第182章
2. Abstract thought, became known to itself as universal essence or existence, not as subjective thought; the Universal of Plato.
3. In Aristotle the Notion emerges, free and unconstrained, as comprehending thought, permeating and spiritualizing all the forms which the universe contains.
4. The Notion as subject, its independence, its inwardness, abstract separation, is represented by the Stoics, Epicureans and Sceptics: here we have not the free, concrete form, but universality abstract and in itself formal.
5. The thought of totality, the intelligible world, is the concrete Idea as we have seen it with the Neo-Platonists. This principle is ideality generally speaking, which is present in all reality, but not the Idea which knows itself: this is not reached until the principle of subjectivity, individuality, found a place in it, and God as spirit became actual to Himself in self-consciousness.
6. But it has been the work of modern times to grasp this Idea as spirit, as the Idea that knows itself. In order to proceed from the conscious Idea to the self-conscious, we must have the infinite opposition, namely the fact that the Idea has come to the consciousness of being absolutely sundered in twain. As spirit had the thought of objective existence, Philosophy thus perfected the intellectuality of the world, and produced this spiritual world as an object existing beyond present reality, like Nature, - the first creation of spirit. The work of the spirit now consisted in bringing this Beyond back to reality, and guiding it into self-consciousness. This is accomplished by self-consciousness thinking itself, and recognizing absolute existence to be the self-consciousness that thinks itself. With Descartes pure thought directed itself on that separation which we spoke of above. Self-consciousness, in the first place, thinks of itself as consciousness; therein is contained all objective reality, and the positive, intuitive reference of its reality to the other side. With Spinoza Thought and Being are opposed and yet identical; he has the intuitive perception of substance, but the knowledge of substance in his case is external. We have here the principle of reconciliation taking its rise from thought as such, in order to abrogate the subjectivity of thought: this is the case in Leibnitz's monad, which possesses the power of representation.
7. In the second place, self-consciousness thinks of itself as being self-consciousness; in being self-conscious it is independent, but still in this independence it has a negative relation to what is outside self-consciousness. This is infinite subjectivity, which appears at one time as the critique of thought in the case of Kant, and at another time, in the case of Fichte, as the tendency or impulse towards the concrete. Absolute, pure, infinite form is expressed as self-consciousness, the Ego.

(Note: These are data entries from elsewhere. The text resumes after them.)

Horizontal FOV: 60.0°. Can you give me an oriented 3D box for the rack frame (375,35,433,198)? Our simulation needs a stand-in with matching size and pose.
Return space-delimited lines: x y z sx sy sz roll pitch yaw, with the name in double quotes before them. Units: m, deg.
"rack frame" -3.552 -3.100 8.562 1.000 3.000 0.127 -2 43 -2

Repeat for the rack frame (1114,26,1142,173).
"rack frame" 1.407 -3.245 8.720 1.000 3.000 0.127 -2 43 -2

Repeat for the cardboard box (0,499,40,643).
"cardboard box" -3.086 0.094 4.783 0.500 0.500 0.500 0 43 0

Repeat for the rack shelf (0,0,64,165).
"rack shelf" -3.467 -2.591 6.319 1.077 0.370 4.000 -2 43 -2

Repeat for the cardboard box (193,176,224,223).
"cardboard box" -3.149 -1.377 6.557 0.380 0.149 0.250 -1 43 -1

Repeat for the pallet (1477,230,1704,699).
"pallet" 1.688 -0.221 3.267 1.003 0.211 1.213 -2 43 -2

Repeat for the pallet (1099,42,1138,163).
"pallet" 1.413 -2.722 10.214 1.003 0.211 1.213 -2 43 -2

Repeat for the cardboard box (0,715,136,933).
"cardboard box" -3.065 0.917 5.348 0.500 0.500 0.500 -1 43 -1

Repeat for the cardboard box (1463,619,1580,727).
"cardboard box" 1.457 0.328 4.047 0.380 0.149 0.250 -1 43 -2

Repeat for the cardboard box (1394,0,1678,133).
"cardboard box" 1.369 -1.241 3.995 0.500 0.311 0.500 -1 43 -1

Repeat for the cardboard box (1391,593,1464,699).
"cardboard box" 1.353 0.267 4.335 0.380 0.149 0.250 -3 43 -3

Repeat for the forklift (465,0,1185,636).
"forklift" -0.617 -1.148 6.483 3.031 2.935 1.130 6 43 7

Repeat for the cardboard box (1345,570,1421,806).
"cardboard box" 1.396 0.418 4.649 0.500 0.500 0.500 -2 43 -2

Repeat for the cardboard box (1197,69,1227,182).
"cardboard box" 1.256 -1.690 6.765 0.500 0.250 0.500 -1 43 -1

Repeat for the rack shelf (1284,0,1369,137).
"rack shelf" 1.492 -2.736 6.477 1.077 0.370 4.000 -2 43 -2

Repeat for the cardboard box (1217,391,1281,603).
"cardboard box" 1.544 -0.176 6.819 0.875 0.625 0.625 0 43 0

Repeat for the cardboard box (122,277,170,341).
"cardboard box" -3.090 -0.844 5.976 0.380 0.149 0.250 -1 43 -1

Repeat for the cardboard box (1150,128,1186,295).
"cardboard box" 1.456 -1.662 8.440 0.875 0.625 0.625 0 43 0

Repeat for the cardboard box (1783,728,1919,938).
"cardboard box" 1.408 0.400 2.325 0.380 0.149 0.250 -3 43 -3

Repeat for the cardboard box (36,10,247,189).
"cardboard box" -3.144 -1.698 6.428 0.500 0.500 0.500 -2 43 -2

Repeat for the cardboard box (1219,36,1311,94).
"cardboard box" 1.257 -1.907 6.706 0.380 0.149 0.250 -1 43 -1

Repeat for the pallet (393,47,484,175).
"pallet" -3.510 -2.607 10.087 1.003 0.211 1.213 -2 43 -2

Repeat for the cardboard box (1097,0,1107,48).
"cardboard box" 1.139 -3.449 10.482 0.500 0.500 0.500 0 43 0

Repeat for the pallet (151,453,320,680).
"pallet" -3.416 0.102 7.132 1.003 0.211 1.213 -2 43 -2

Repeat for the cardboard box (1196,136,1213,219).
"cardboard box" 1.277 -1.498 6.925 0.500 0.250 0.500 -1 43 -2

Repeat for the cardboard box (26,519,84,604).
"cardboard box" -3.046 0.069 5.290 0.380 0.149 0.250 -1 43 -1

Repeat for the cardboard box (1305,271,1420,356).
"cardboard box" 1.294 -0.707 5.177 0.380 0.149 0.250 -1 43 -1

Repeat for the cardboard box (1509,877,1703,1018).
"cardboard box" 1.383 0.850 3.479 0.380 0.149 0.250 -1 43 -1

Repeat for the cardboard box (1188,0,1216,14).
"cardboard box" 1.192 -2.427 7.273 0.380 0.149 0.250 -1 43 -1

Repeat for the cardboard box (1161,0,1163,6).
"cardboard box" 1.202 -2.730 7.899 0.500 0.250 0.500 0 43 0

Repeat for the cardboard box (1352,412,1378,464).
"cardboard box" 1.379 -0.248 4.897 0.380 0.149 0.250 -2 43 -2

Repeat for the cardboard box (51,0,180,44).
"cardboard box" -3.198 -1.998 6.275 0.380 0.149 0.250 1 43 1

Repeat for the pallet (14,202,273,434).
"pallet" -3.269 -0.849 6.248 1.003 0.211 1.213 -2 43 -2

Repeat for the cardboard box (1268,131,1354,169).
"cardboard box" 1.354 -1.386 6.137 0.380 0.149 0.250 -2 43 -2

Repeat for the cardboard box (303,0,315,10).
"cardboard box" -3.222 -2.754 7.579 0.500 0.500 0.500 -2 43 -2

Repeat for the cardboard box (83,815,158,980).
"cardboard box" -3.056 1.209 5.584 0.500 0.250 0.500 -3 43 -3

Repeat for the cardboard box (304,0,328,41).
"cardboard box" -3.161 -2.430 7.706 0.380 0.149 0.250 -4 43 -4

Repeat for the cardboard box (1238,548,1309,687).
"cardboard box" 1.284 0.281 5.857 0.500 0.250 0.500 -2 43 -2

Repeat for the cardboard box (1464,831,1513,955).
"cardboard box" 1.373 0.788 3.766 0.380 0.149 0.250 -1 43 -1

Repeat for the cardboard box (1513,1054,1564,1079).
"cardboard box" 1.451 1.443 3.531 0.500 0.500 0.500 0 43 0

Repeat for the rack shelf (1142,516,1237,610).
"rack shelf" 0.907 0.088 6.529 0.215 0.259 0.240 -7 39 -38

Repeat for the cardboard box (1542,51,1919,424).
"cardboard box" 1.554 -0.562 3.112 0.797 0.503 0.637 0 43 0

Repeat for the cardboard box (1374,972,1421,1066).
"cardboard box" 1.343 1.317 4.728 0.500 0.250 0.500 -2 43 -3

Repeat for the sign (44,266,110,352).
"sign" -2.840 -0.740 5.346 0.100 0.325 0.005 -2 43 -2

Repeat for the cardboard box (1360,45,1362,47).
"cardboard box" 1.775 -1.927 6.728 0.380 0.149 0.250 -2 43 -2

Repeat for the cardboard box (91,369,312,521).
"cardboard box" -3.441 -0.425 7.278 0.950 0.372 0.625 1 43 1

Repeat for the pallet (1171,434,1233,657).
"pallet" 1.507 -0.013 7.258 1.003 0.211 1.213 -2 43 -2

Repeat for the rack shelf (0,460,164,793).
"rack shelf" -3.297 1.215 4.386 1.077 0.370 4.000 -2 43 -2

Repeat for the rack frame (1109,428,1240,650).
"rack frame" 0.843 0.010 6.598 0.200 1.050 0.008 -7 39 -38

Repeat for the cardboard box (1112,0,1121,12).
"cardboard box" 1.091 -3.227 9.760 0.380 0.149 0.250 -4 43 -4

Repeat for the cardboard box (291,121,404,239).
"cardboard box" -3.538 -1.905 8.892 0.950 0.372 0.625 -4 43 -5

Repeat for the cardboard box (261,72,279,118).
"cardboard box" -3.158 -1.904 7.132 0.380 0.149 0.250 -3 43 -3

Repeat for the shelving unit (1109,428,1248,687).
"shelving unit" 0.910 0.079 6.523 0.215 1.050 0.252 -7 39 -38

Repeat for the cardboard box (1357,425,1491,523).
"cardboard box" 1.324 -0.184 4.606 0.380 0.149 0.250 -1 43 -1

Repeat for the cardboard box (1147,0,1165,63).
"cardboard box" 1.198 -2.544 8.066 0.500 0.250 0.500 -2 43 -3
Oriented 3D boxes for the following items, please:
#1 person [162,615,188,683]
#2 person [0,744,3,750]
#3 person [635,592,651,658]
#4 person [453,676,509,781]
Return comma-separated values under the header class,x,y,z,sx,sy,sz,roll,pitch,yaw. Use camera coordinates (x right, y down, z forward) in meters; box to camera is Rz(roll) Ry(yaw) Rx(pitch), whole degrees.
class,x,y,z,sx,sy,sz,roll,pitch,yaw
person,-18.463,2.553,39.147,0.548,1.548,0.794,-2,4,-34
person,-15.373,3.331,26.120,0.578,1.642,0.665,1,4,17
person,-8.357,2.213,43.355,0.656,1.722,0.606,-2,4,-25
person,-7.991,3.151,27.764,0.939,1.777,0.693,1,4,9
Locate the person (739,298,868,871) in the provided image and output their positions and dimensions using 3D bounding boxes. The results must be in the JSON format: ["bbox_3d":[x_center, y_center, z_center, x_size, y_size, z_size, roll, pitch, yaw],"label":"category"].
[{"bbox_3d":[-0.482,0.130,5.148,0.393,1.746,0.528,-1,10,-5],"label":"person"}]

8. This is a light that breaks forth on spiritual substance, and shows absolute content and absolute form to be identical; - substance is in itself identical with knowledge. Self-consciousness thus, in the third place, recognizes its positive relation as its negative, and its negative as its positive, or, in other words, recognizes these opposite activities as the same, i.e. it recognizes pure Thought or Being as self-identity, and this again as separation. This is intellectual perception; but it is requisite in order that it should be in truth intellectual, that it should not be that merely immediate perception of the eternal and the divine which we hear of, but should be absolute knowledge. This intuitive perception which does not recognize itself is taken as starting-point as if it were absolutely presupposed; it has in itself intuitive perception only as immediate knowledge, and not as self-knowledge: or it knows nothing, and what it perceives it does not really know,- for, taken at its best, it consists of beautiful thoughts, but not knowledge.